Depending on the configuration, the circuit breaker will transition to the half-open state after a few seconds. To verify this, the test waits for a few seconds before continuing:

 echo "Will sleep for 10 sec waiting for the CB to go Half Open..."
sleep 10

After verifying the expected state (half-open), the test performs three normal requests to bring the circuit breaker back to its normal state, which is also verified:

 assertEqual "HALF_OPEN" "$(docker-compose exec -T product-composite curl -s http://product-composite:8080/actuator/health | jq -r .components.circuitBreakers.details.product.details.state)"

for ((n=0; n<3; n++))
do
assertCurl 200 "curl -k https://$HOST:$PORT/product-composite/$PROD_ID_REVS_RECS $AUTH -s"
assertEqual "product name C" "$(echo "$RESPONSE" | jq -r .name)"
done

assertEqual "CLOSED" "$(docker-compose exec -T product-composite curl -s http://product-composite:8080/actuator/health | jq -r .components.circuitBreakers.details.product.details.state)"

The test also verifies that the response contains data from the underlying database by comparing the returned product name with the value stored in the database.

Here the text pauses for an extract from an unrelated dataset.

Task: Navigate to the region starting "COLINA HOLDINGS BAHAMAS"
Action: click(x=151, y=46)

For example, for the product with ID 1, the name should be "product name C".

The test ends by using the /actuator/circuitbreakerevents API of the actuator, which is exposed by the circuit breaker to reveal internal events. This API allows us to know the state transitions performed by the circuit breaker. To verify that the last three state transitions are the expected ones (i.e., closed to open, open to half-open, and half-open to closed), the test uses the following code:

 assertEqual "CLOSED_TO_OPEN" "$(docker-compose exec -T product-composite curl -s http://product-composite:8080/actuator/circuitbreakerevents/product/STATE_TRANSITION | jq -r .circuitBreakerEvents[-3].stateTransition)"

assertEqual "OPEN_TO_HALF_OPEN" "$(docker-compose exec -T product-composite curl -s http://product-composite:8080/actuator/circuitbreakerevents/product/STATE_TRANSITION | jq -r .circuitBreakerEvents[-2].stateTransition)"

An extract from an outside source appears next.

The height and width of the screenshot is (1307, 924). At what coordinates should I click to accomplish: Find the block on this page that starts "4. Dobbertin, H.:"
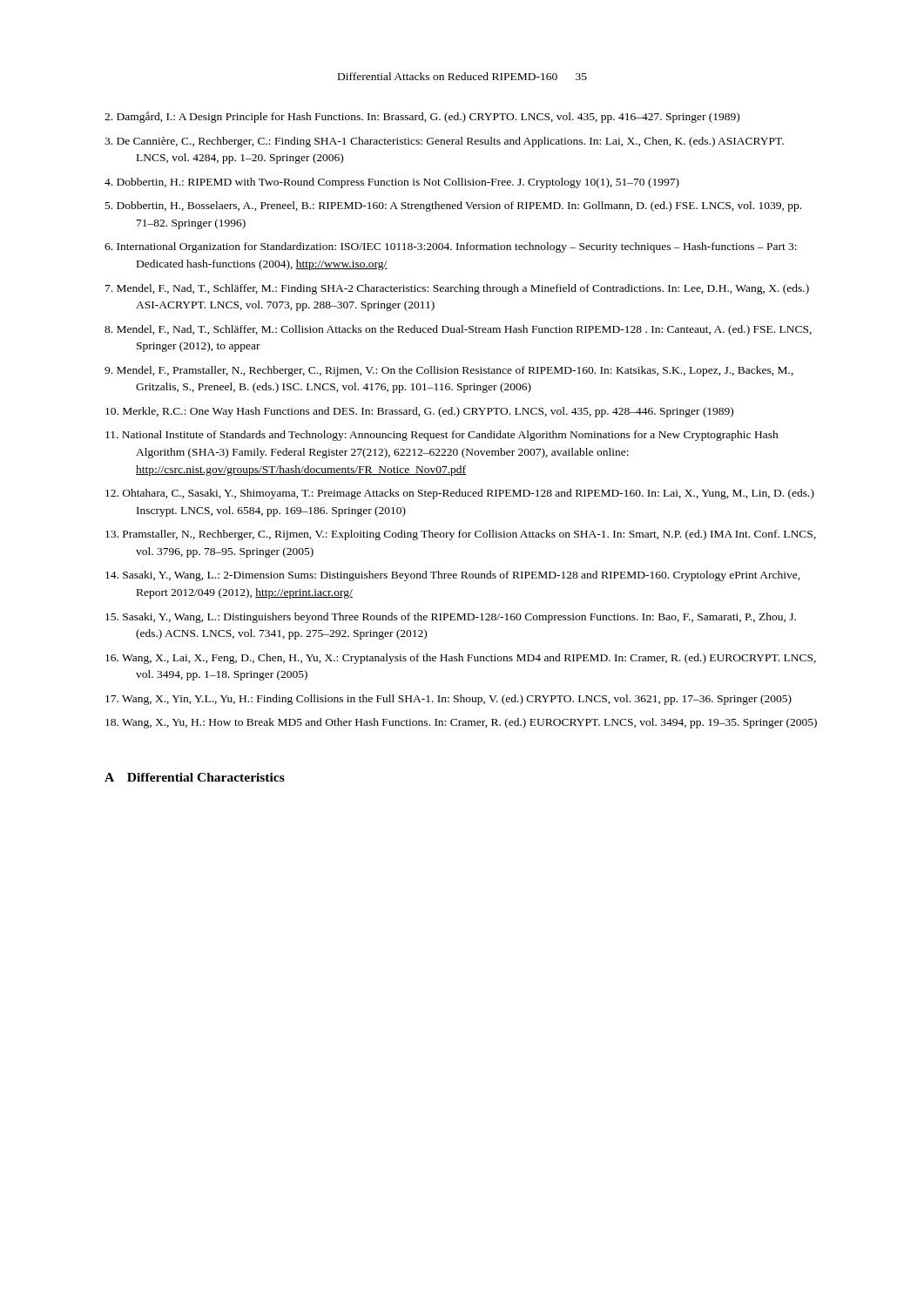(x=392, y=181)

assertEqual "HALF_OPEN_TO_CLOSED" "$(docker-compose exec -T product-composite curl -s http://product-composite:8080/actuator/circuitbreakerevents/product/STATE_TRANSITION | jq -r .circuitBreakerEvents[-1].stateTransition)"

These commands allow to verify that the breaker's state transitions occurred as expected.

We added multiple steps to the test script, but this allows us to automatically verify that the expected basic behavior of our breaker is in place. In the next section, we will try the breaker by running automated tests using the test script.

Verify that the circuit is closed under normal operation

Before being able to call the API, it is necessary to acquire an access token by executing the following commands:

 unset ACCESS_TOKEN
ACCESS_TOKEN=$(curl -k https://writer:secret@localhost:8443/oauth2/token -d grant_type=client_credentials -s | jq -r .access_token)
echo $ACCESS_TOKEN

Once the access token has been acquired, you can perform a normal request using the following code to verify that it returns the HTTP response code 200:

 curl -H "Authorization: Bearer $ACCESS_TOKEN" -k https://localhost:8443/product-composite/1 -w "%{http_code}\n" -o /dev/null -s

To verify that the breaker is closed, you can use the health API with the following command:

 docker-compose exec product-composite curl -s http://product-composite:8080/actuator/health | jq -r .components.circuitBreakers.details.product.details.state

You need to wait for the response to be CLOSED.

Conclusion

In summary, we have seen that Resilience4j is a Java library that allows building resilient microservices by adding functionalities such as circuit breaker, timeout, and retry mechanism. The circuit breaker manages unresponsive services by closing the circuit when the limit is reached, while the timeout maximizes the wait time before the circuit breaker triggers. The retry mechanism can randomly retry failed requests from time to time. It is important to apply it only to idempotent services. The circuit breakers and retry mechanisms are implemented following Spring Boot conventions, and Resilience4j exposes information about their health, events, and metrics via the actuator endpoints.